Hi, I'm Vivian, a cybersecurity and AI Product Manager trying to keep up with an industry that moves faster than I can whisk up my morning matcha. Every week brings a new wave of vulnerabilities, AI security mishaps, and breaches that keep us on our toes, so I take some time to share the most interesting news instead of letting it all blur together. Let's dive into what kept us up at night recently in cybersecurity and AI security.

AI News:

Anthropic Launches "Cowork" for Desktop Automation

Anthropic released "Cowork," a research preview feature for Claude Max subscribers that executes multi-step projects across a user's computer and web browser. Built on the same foundation as Claude Code but designed for general productivity, Cowork can organize local files, draft reports from scattered notes, or create spreadsheets from screenshots with minimal user guidance. The tool integrates with "Connectors" for external data access and pairs with the Claude in Chrome extension for browser-based tasks. Anthropic warns users about potential risks like prompt injection and accidental data deletion during this early testing phase.

Apple Partners with Google to Power Next-Generation Siri

Apple and Google announced a multi-year partnership integrating Gemini models into the Apple Intelligence framework, underpinning a major Siri overhaul expected later in 2026. Google's AI and cloud infrastructure will serve as the foundation for Apple's models, enabling Siri to perform more complex tasks like cross-app planning and summarization. Apple confirmed no changes to their existing partnership with OpenAI.

Anthropic Unveils "Claude for Healthcare" Suite

Anthropic launched "Claude for Healthcare," a collection of HIPAA-ready AI tools designed to automate tasks for providers, insurers, and researchers while giving consumers insights into personal medical data. The suite includes specialized "connectors" that integrate with industry platforms like the CMS Coverage Database, Apple Health, and clinical trial repositories. Capabilities include autonomously drafting prior authorizations, summarizing patient history, and accelerating drug discovery. Health data integrations remain opt-in and are not used for model training.

 

AI and Cybersecurity Vulnerabilities

Critical Vulnerability Enables Full Takeover of n8n Servers

A critical vulnerability called "Ni8mare" with a CVSS score of 10.0 was discovered in locally deployed n8n automation instances.

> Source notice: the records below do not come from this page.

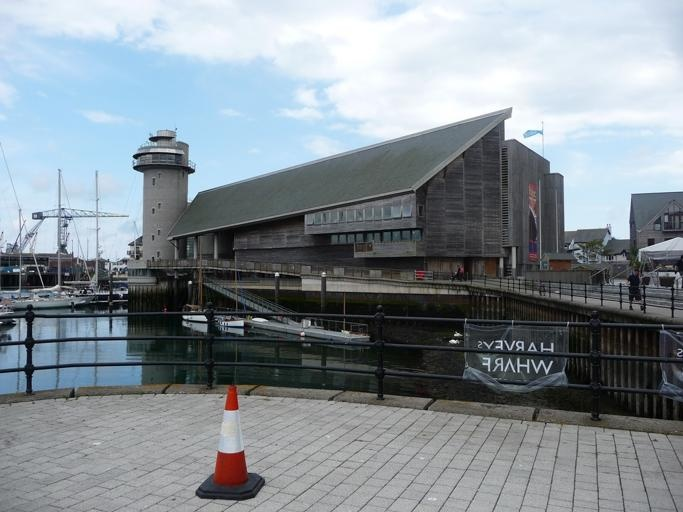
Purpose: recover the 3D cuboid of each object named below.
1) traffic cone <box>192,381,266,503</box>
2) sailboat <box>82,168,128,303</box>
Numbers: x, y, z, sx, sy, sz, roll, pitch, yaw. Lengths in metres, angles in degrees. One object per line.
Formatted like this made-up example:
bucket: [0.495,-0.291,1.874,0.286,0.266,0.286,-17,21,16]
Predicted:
traffic cone: [-1.416,2.315,8.827,0.789,1.306,0.692,0,-1,9]
sailboat: [-31.927,2.147,92.576,2.802,16.934,1.509,7,0,43]
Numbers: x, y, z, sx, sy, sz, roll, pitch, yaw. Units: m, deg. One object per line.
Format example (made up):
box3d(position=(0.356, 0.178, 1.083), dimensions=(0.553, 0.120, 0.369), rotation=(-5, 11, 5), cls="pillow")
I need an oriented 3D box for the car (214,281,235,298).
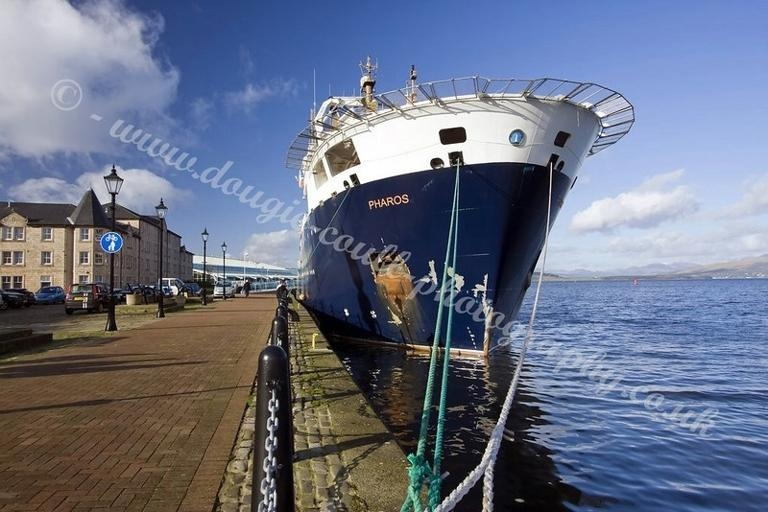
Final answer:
box3d(position=(-14.211, 3.042, 40.734), dimensions=(1.877, 1.373, 4.142), rotation=(1, -6, -16), cls="car")
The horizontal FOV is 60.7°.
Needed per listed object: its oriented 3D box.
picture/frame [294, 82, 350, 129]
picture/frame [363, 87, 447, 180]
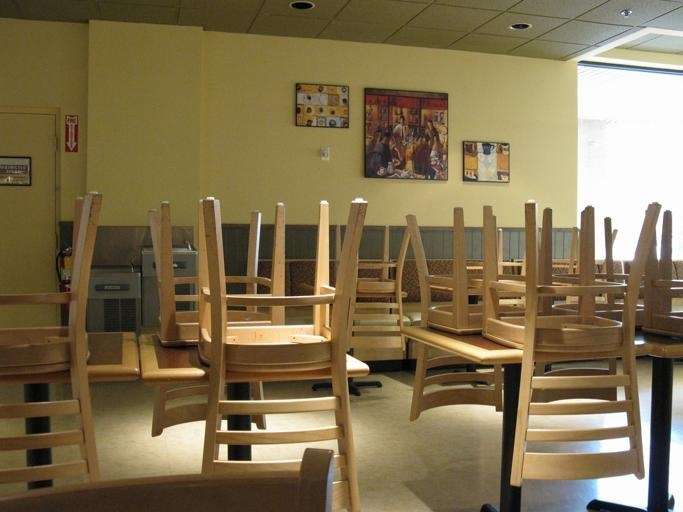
[{"bbox_3d":[-0.241,-1.694,6.554,0.512,0.401,0.020,1,-1,-13],"label":"picture/frame"},{"bbox_3d":[0.701,-1.425,6.756,1.034,1.101,0.047,0,2,-10],"label":"picture/frame"}]
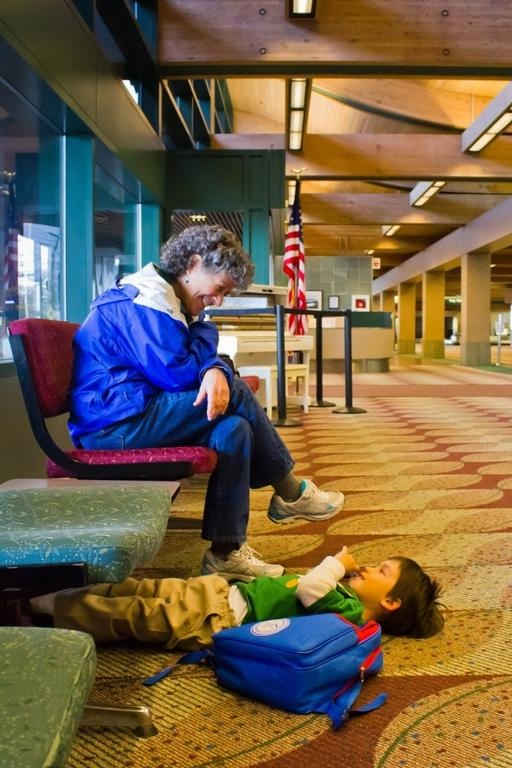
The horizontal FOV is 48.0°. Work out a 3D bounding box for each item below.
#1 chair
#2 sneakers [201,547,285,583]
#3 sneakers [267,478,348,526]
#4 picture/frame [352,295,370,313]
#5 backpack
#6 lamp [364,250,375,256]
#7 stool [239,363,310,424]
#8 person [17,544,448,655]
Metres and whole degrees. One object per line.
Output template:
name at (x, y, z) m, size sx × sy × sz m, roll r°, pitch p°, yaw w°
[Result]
chair at (-0.376, 0.072, 1.509) m, size 0.408 × 0.386 × 0.554 m, roll 1°, pitch -2°, yaw -8°
sneakers at (-0.045, 0.458, 1.505) m, size 0.232 × 0.108 × 0.083 m, roll 3°, pitch 0°, yaw -12°
sneakers at (0.154, 0.358, 1.860) m, size 0.290 × 0.142 × 0.110 m, roll -5°, pitch 30°, yaw -20°
picture/frame at (2.739, -2.104, 15.030) m, size 0.463 × 0.406 × 0.524 m, roll 1°, pitch 4°, yaw 8°
backpack at (0.054, 0.441, 0.982) m, size 0.207 × 0.076 × 0.155 m, roll 0°, pitch 5°, yaw 34°
lamp at (3.177, -3.640, 16.081) m, size 0.223 × 0.056 × 0.208 m, roll 1°, pitch -14°, yaw -8°
stool at (0.176, -0.006, 4.733) m, size 0.623 × 0.569 × 0.472 m, roll -2°, pitch 1°, yaw -4°
person at (-0.015, 0.370, 1.239) m, size 0.921 × 0.238 × 0.307 m, roll 3°, pitch -11°, yaw -10°
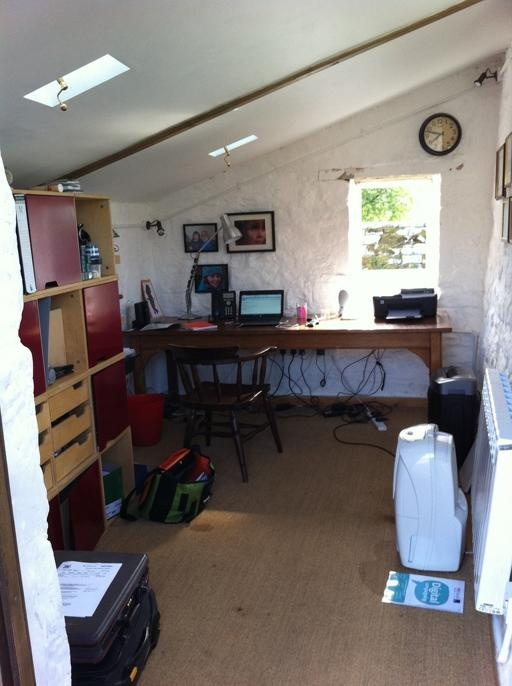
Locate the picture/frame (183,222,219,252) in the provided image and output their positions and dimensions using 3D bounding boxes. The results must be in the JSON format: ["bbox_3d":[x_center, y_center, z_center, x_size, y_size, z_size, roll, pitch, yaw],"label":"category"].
[{"bbox_3d":[-0.453,-0.902,4.279,0.243,0.209,0.026,1,10,7],"label":"picture/frame"}]

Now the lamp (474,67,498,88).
[{"bbox_3d":[1.580,-1.851,3.523,0.187,0.111,0.103,-8,12,-22],"label":"lamp"}]

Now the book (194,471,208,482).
[{"bbox_3d":[-0.291,0.715,2.715,0.037,0.061,0.044,0,-6,33],"label":"book"}]

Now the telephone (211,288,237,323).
[{"bbox_3d":[-0.260,-0.315,4.193,0.244,0.338,0.231,0,1,-1],"label":"telephone"}]

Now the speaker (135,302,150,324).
[{"bbox_3d":[-0.911,-0.241,4.058,0.079,0.150,0.159,2,6,4],"label":"speaker"}]

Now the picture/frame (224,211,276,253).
[{"bbox_3d":[-0.038,-0.924,4.134,0.332,0.283,0.025,-1,11,9],"label":"picture/frame"}]

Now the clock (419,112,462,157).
[{"bbox_3d":[1.343,-1.522,3.685,0.302,0.315,0.049,-2,11,20],"label":"clock"}]

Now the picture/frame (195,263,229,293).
[{"bbox_3d":[-0.369,-0.567,4.330,0.251,0.223,0.034,1,7,9],"label":"picture/frame"}]

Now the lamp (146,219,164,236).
[{"bbox_3d":[-0.853,-0.975,4.316,0.158,0.137,0.093,-5,11,-9],"label":"lamp"}]

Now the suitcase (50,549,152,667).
[{"bbox_3d":[-0.485,0.782,1.568,0.261,0.061,0.267,2,9,2],"label":"suitcase"}]

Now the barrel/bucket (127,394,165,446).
[{"bbox_3d":[-0.758,0.546,3.564,0.320,0.333,0.310,0,2,0],"label":"barrel/bucket"}]

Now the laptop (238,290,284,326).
[{"bbox_3d":[0.016,-0.304,4.011,0.359,0.262,0.298,1,7,10],"label":"laptop"}]

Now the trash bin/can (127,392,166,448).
[{"bbox_3d":[-0.763,0.537,3.555,0.324,0.335,0.313,0,2,3],"label":"trash bin/can"}]
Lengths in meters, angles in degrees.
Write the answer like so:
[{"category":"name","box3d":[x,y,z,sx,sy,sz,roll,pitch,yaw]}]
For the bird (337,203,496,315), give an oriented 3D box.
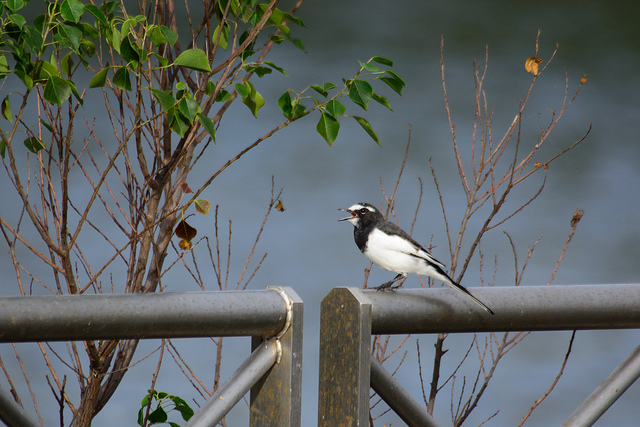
[{"category":"bird","box3d":[0.642,0.197,6.240,1.230,0.390,0.704,8,-92,14]}]
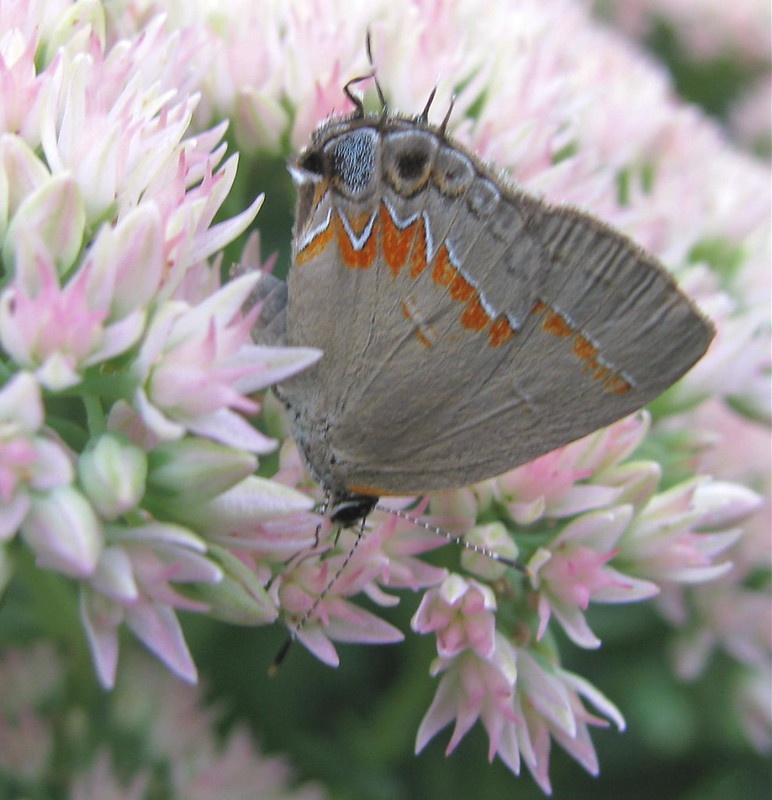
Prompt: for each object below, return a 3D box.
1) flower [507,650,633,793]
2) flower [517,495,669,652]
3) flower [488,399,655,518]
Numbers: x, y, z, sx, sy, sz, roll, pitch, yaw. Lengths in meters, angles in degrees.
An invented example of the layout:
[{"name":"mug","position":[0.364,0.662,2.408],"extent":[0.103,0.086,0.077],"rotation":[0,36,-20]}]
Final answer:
[{"name":"flower","position":[0.176,0.306,0.964],"extent":[0.088,0.062,0.156],"rotation":[-20,64,-22]},{"name":"flower","position":[0.202,0.177,0.972],"extent":[0.083,0.135,0.159],"rotation":[-1,67,43]},{"name":"flower","position":[0.191,0.074,1.046],"extent":[0.136,0.077,0.103],"rotation":[-18,83,-9]}]
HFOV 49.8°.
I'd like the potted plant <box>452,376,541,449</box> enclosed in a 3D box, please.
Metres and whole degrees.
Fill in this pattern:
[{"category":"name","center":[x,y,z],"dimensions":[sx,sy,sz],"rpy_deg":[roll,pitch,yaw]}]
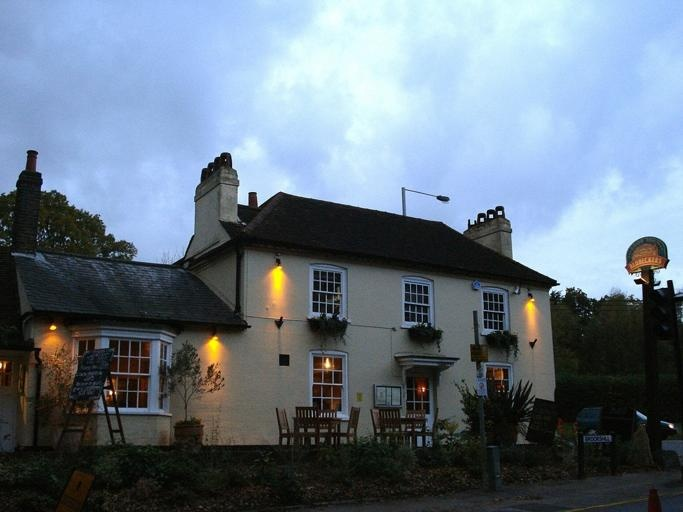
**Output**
[{"category":"potted plant","center":[4.800,4.661,22.273],"dimensions":[2.054,1.877,4.000],"rpy_deg":[0,-4,15]}]

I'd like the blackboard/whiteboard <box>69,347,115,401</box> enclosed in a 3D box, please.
[{"category":"blackboard/whiteboard","center":[-6.309,3.014,18.590],"dimensions":[0.117,1.305,1.408],"rpy_deg":[24,-24,-38]}]
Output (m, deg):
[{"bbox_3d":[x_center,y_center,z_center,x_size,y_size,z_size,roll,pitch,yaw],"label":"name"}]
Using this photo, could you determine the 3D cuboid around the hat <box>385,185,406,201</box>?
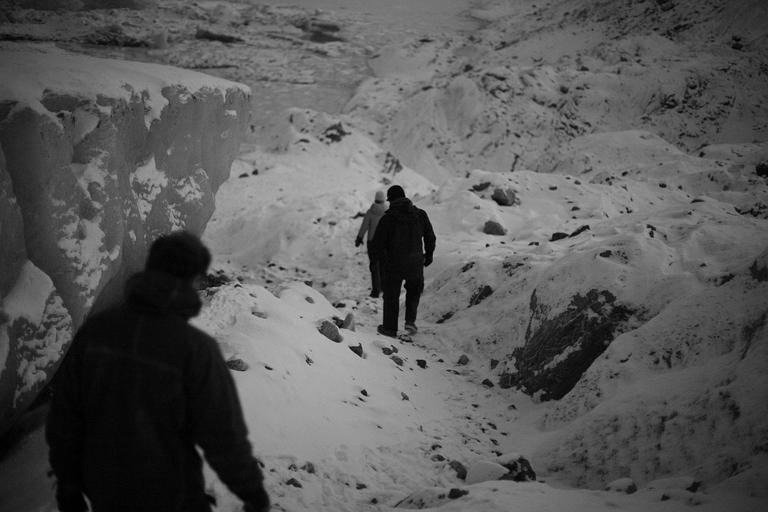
[{"bbox_3d":[0.189,-1.039,13.580,0.299,0.288,0.220,-21,6,3],"label":"hat"}]

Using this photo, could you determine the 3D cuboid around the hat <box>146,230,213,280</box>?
[{"bbox_3d":[-2.410,-0.028,9.883,0.542,0.663,0.692,9,12,6],"label":"hat"}]

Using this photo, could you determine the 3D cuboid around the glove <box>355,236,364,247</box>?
[{"bbox_3d":[-0.445,-0.265,15.065,0.132,0.176,0.171,0,-18,-8],"label":"glove"}]

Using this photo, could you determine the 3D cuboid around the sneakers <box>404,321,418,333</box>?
[{"bbox_3d":[0.457,1.230,14.104,0.118,0.160,0.241,-19,-27,29],"label":"sneakers"}]

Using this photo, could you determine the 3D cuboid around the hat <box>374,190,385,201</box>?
[{"bbox_3d":[-0.071,-1.145,15.372,0.248,0.203,0.335,0,-10,-3],"label":"hat"}]

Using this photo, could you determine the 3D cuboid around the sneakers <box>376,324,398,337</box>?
[{"bbox_3d":[0.054,1.293,13.928,0.309,0.203,0.169,0,-1,19],"label":"sneakers"}]
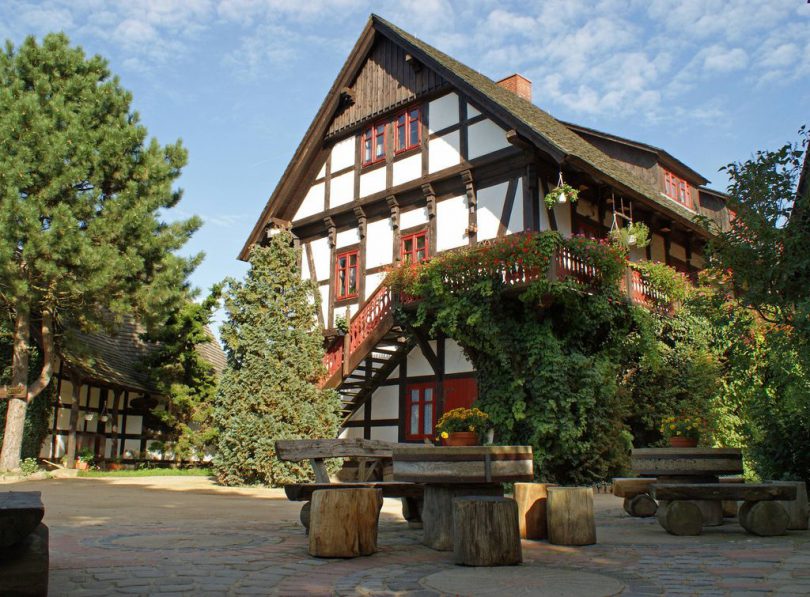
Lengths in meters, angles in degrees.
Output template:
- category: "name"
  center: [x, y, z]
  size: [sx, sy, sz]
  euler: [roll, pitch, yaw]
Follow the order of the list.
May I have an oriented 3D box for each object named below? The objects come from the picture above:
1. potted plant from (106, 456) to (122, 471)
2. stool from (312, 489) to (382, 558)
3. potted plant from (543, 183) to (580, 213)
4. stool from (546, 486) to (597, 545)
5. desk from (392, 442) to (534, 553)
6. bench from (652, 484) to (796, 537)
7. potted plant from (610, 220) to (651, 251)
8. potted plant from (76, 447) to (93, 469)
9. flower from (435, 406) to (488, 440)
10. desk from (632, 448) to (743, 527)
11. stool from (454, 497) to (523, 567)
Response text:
- category: "potted plant"
  center: [-10.153, 5.775, 25.945]
  size: [0.311, 0.383, 0.542]
  euler: [-5, -10, -5]
- category: "stool"
  center: [-0.886, 3.045, 10.217]
  size: [1.158, 0.837, 1.034]
  euler: [11, -15, -39]
- category: "potted plant"
  center: [3.803, -2.483, 18.284]
  size: [0.839, 0.524, 0.716]
  euler: [-2, -3, -10]
- category: "stool"
  center: [2.502, 3.187, 11.052]
  size: [0.818, 0.803, 0.805]
  euler: [5, -8, -17]
- category: "desk"
  center: [0.790, 2.759, 10.485]
  size: [1.664, 1.037, 1.593]
  euler: [1, -15, -3]
- category: "bench"
  center: [5.080, 3.315, 11.693]
  size: [2.051, 0.794, 1.202]
  euler: [-5, -16, 17]
- category: "potted plant"
  center: [6.053, -1.656, 20.030]
  size: [1.042, 0.691, 1.014]
  euler: [0, -3, -7]
- category: "potted plant"
  center: [-10.512, 5.259, 24.262]
  size: [0.506, 0.668, 0.735]
  euler: [3, -16, -10]
- category: "flower"
  center: [0.917, 2.027, 12.096]
  size: [0.665, 0.366, 0.653]
  euler: [8, -13, -42]
- category: "desk"
  center: [4.963, 3.579, 13.483]
  size: [1.777, 1.073, 1.707]
  euler: [3, -13, -10]
- category: "stool"
  center: [1.022, 2.989, 9.771]
  size: [0.921, 0.753, 0.827]
  euler: [2, -6, -14]
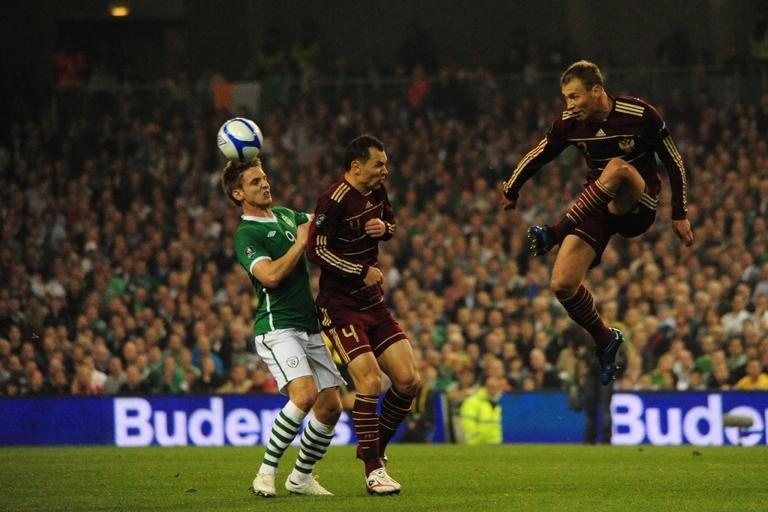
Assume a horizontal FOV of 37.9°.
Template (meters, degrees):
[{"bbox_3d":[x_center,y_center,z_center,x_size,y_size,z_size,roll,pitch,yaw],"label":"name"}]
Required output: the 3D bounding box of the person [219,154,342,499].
[{"bbox_3d":[-1.221,0.872,13.841,1.391,4.152,0.658,0,-5,-5],"label":"person"}]

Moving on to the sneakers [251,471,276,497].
[{"bbox_3d":[-1.446,2.797,13.570,0.341,0.245,0.182,1,-5,22],"label":"sneakers"}]

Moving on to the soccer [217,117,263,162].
[{"bbox_3d":[-1.849,-1.443,14.224,0.570,0.559,0.536,-14,20,-30],"label":"soccer"}]

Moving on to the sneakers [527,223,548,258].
[{"bbox_3d":[1.970,-0.166,14.164,0.220,0.459,0.169,-1,-10,-4],"label":"sneakers"}]

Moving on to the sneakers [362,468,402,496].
[{"bbox_3d":[-0.008,2.760,13.588,0.429,0.245,0.245,-8,-4,42],"label":"sneakers"}]

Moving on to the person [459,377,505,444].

The flaw allows unauthenticated attackers to execute remote code by exploiting a Content-Type confusion error in file upload requests. Attackers can overwrite internal variables to read sensitive system files like databases and configuration keys, forge valid session cookies, bypass authentication to log in as administrators, and execute arbitrary commands.

Google Removes Health AI Summaries Following Misinformation Reports

Google removed certain AI Overview summaries after an investigation revealed the feature was providing dangerous and inaccurate medical advice, including incorrect normal ranges for liver function tests. Experts warned that AI-generated summaries appearing at the top of search results lacked crucial context like patient age or medical history, potentially causing seriously ill individuals to skip necessary care. While Google removed specific flagged queries, health organizations criticized the reactive approach and noted the underlying system remains prone to surfacing misleading information for complex medical topics.

"ZombieAgent" Attack Exploits ChatGPT Connectors

Researchers identified "ZombieAgent," an attack vector that abuses OpenAI's Connectors feature to establish persistence and exfiltrate sensitive data. By injecting malicious instructions into shared files or emails, attackers can trick ChatGPT into reading private information from connected services like Gmail or Google Drive and transmitting it to external servers. The vulnerability also enables a "zombie" state where the AI modifies its own memory to execute attacker commands on every future interaction, turning the chatbot into a dormant spy that continuously harvests data even in new, unrelated sessions.

 

Cybersecurity News

Betterment Confirms Data Breach via Social Engineering Attack

Betterment confirmed a security incident where hackers used social engineering to access internal tools and send fraudulent push notifications to users. The notifications promised to "triple" cryptocurrency holdings in exchange for $10,000 transfers to malicious wallets. While no customer funds, passwords, or login credentials were compromised, the breach exposed user contact information. Betterment revoked unauthorized access immediately and is investigating the extent of the exposure.

University of Hawaii Cancer Center Pays Ransom After Data Breach

The University of Hawaii Cancer Center confirmed a ransomware attack that occurred in August but wasn't disclosed to the state legislature until December, potentially violating state reporting laws. Attackers breached servers and encrypted files containing sensitive participant data from a cancer research study, including Social Security numbers, names, and addresses. University officials confirmed they paid the hackers for a decryption tool and a promise of data destruction, though the payment amount and exact number of affected individuals remain undisclosed.



That's all for now… Stay informed and protected.